Street in Portland, Maine

Forest Avenue (formerly known as Green Street; colloquially known as Forest Ave) is a major street in Portland, Maine, United States. It runs for around 4.81 mi, from Bridgton Road in the northwest to Congress Street, in downtown Portland, in the southeast. It is the main artery for traffic entering and leaving Portland to and from the west via city streets. Forest Avenue passes to the south of Back Cove, while Washington Avenue passes to its north. The street ends in Portland's Arts District.

Forest Avenue is part of U.S. Route 302 (US 302) for almost its entire course. US 302 reaches its eastern terminus at Forest Avenue's interchange with Interstate 295 (I-295) and U.S. Route 1 (US 1) at the southern end of the Back Cove neighborhood.

== Route ==
Forest Avenue picks up the U.S. Route 302 designation from Bridgton Road at its crossing of the Presumpscot River on the border between Westbrook and the Riverton area of Portland. It continues southeast, crossing Riverside Street and passing beneath Interstate 95. At Allen Avenue in Morrills Corner, Forest Avenue picks up the Maine State Route 100 (SR 100) designation, continuing southward toward the historic Woodfords Corner neighborhood.
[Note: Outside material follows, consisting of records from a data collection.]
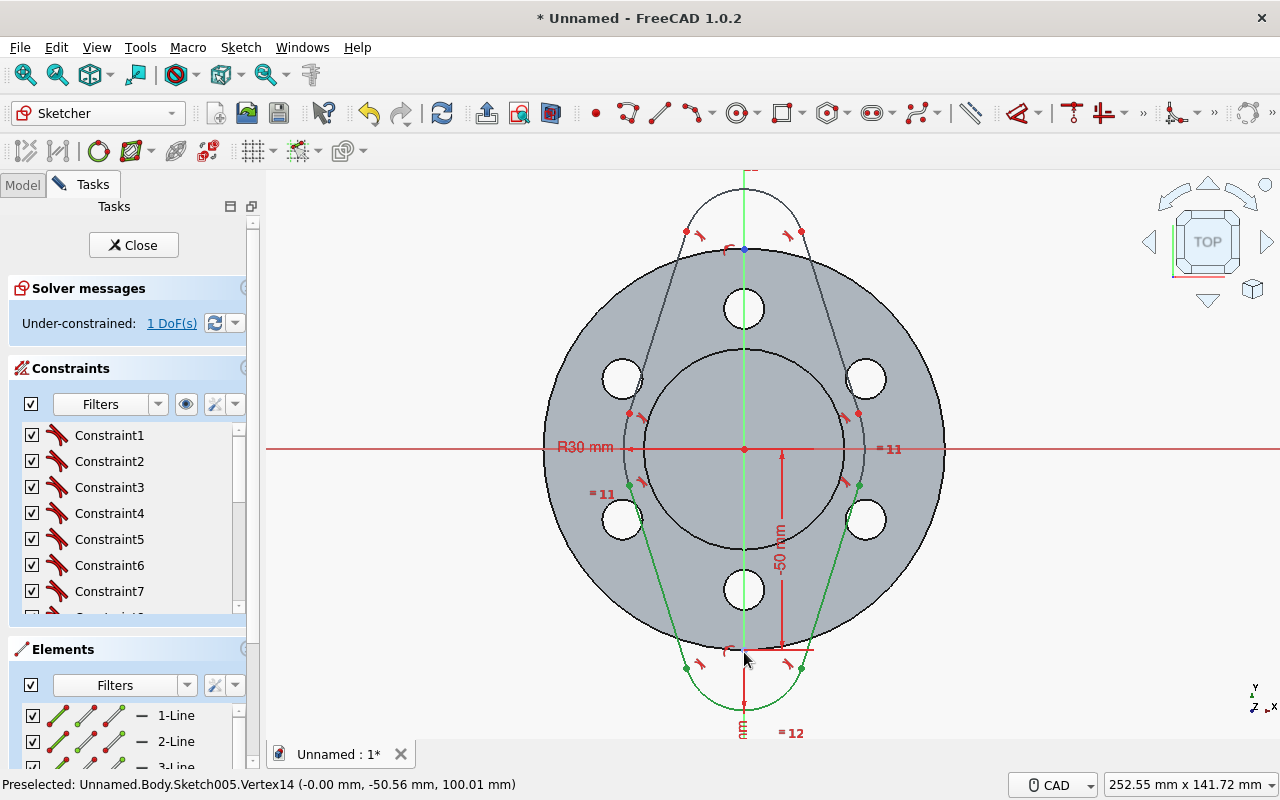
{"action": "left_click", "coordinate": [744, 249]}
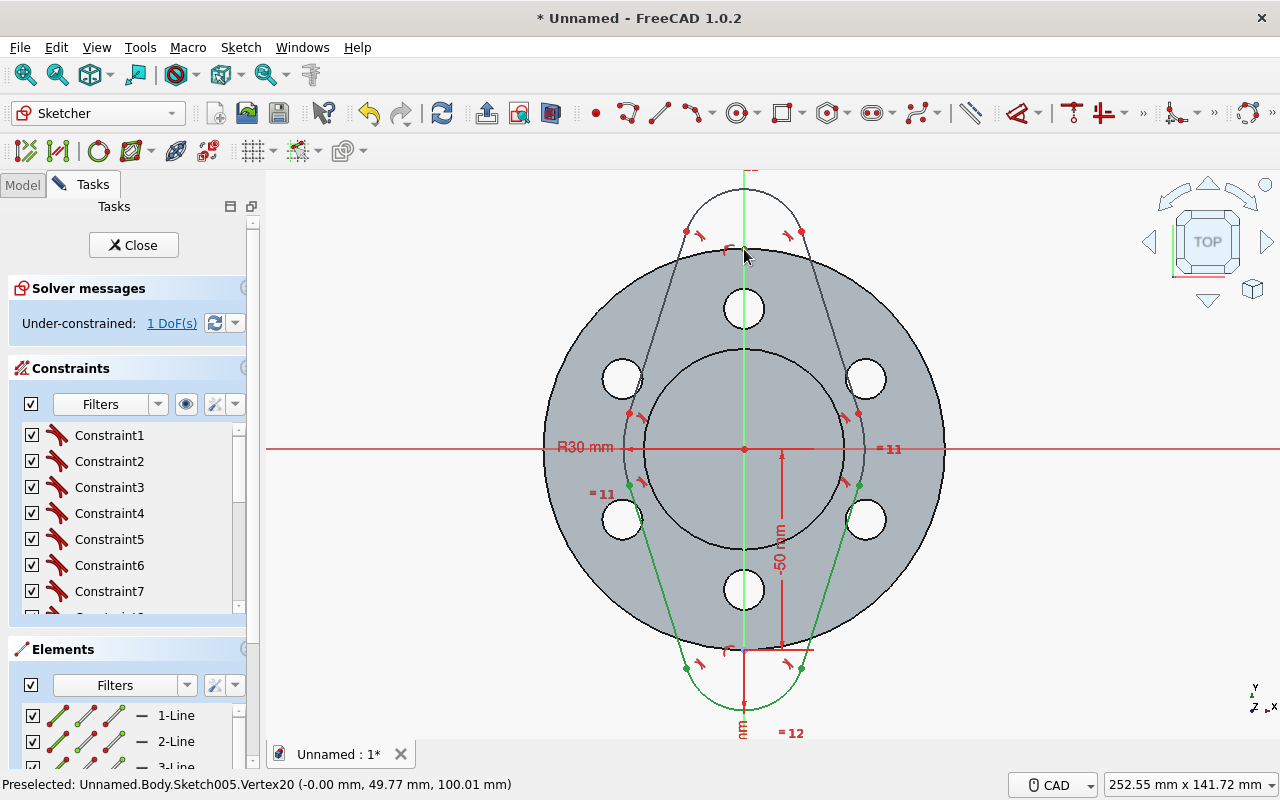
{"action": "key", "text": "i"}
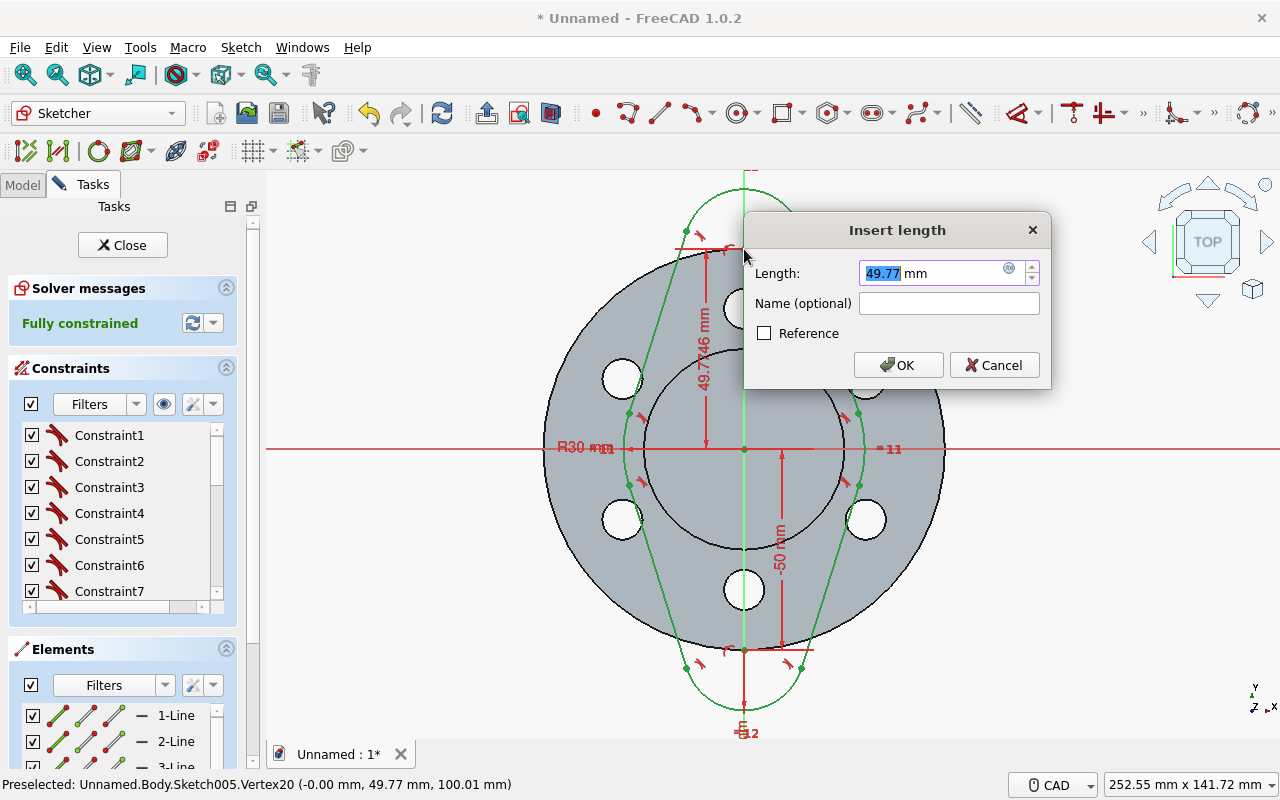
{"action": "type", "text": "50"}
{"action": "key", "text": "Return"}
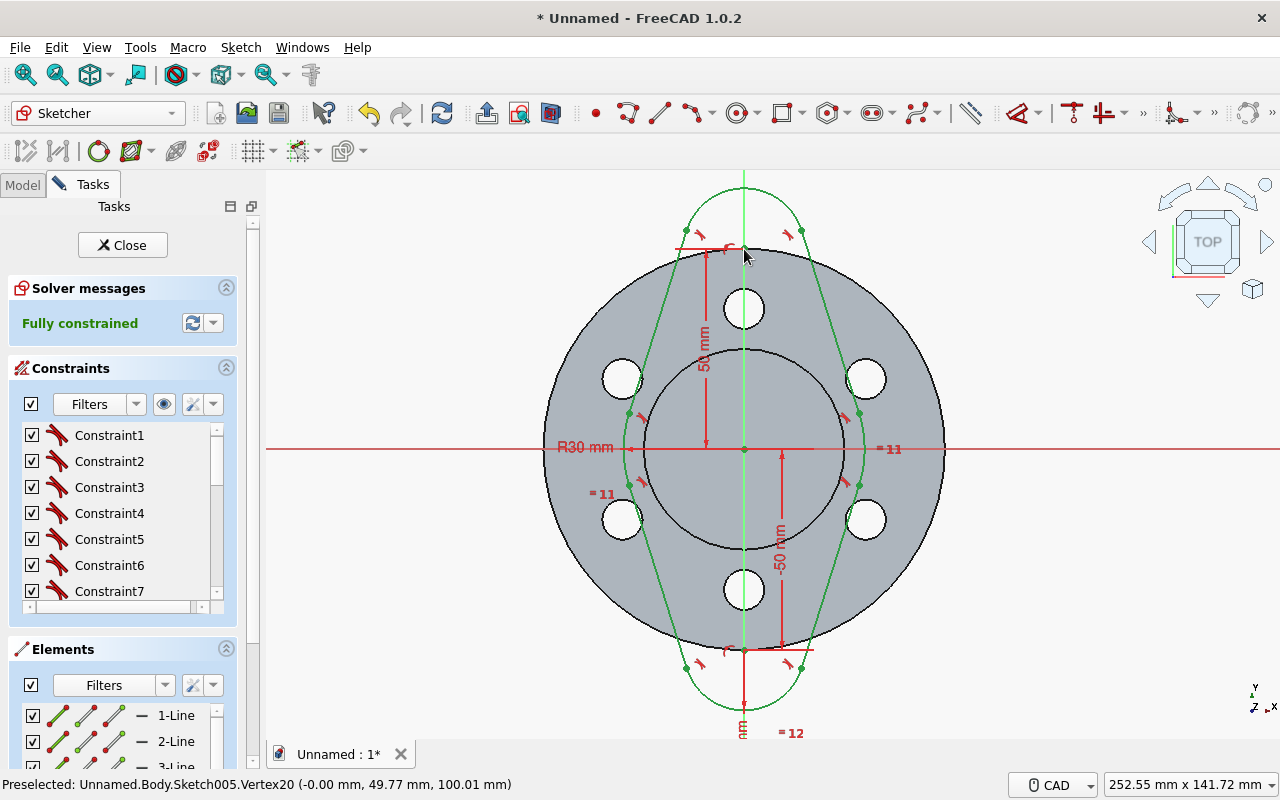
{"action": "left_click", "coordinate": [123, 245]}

There, at its intersection with Ocean Avenue, Forest Avenue crosses the former Maine Central Railroad, used today by Amtrak's Downeaster service. At Woodford Street, Forest Avenue turns southeast as it begins its final approach into downtown Portland. In the Oakdale neighborhood, Forest Avenue develops central turning lanes between the Preble Street and Baxter Boulevard intersections. Near University of Southern Maine's Glickman Library, Forest Avenue passes through the cloverleaf intersection formed by I-295's exits 6A and 6B. It is at this point that Forest Avenue drops its US 302 designation, but continues as SR 100.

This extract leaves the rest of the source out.